Please give back only the lines below from the one containing "#6 supplement box [437, 466, 484, 479]" to the one containing "#8 hard drive", each repeated word for word, both ends included.

======== INPUT RECORDS ========

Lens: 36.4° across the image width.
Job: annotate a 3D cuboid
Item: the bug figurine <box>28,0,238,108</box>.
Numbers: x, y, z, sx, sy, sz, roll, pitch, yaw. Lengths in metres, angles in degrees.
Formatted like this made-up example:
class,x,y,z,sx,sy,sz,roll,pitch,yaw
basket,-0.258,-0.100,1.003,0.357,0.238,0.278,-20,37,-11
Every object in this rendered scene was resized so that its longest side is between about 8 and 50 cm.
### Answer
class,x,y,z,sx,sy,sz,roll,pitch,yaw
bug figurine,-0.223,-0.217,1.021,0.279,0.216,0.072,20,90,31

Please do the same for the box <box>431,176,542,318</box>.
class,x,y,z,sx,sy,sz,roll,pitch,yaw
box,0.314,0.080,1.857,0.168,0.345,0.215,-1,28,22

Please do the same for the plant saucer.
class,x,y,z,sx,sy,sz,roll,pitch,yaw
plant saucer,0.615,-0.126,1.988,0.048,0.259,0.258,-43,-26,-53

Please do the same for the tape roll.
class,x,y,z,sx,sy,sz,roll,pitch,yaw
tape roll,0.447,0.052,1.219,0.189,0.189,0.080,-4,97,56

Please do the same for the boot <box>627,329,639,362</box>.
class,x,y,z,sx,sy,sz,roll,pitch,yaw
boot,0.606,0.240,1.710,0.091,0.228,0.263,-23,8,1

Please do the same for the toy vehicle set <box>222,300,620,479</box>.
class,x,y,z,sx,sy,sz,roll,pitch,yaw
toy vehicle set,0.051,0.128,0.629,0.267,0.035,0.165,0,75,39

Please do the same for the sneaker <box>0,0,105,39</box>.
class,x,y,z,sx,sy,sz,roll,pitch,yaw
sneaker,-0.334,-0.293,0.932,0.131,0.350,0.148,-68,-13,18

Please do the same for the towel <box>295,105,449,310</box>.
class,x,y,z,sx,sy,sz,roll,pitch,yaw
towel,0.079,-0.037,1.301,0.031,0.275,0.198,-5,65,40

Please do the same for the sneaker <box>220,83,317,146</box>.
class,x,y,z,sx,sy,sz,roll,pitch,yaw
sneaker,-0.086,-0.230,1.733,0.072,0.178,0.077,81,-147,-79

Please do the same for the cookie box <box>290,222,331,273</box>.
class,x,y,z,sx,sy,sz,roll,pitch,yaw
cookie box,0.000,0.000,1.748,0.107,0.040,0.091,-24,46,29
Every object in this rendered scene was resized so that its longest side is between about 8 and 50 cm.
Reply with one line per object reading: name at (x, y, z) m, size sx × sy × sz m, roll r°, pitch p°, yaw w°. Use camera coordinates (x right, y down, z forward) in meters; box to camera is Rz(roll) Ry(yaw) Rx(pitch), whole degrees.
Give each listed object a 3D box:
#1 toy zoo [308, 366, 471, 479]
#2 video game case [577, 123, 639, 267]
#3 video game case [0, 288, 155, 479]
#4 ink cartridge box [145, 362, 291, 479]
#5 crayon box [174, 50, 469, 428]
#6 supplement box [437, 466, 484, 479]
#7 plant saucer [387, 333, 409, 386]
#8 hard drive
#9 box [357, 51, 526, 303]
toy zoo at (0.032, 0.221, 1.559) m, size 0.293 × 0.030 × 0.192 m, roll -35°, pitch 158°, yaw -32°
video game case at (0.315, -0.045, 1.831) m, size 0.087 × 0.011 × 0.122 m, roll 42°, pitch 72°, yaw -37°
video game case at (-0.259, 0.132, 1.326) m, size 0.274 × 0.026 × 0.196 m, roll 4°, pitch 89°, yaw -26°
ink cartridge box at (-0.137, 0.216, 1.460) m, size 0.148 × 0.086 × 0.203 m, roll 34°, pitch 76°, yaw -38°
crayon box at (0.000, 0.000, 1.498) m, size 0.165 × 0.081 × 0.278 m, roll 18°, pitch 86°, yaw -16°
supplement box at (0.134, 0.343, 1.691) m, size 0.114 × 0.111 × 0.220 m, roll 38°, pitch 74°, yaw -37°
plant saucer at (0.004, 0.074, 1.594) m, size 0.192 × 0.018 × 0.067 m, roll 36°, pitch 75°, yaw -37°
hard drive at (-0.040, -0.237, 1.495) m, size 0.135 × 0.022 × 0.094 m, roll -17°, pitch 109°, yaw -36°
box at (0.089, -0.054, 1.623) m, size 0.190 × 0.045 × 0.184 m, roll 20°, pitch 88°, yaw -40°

========

ANSWER SECTION:
#6 supplement box [437, 466, 484, 479]
#7 plant saucer [387, 333, 409, 386]
#8 hard drive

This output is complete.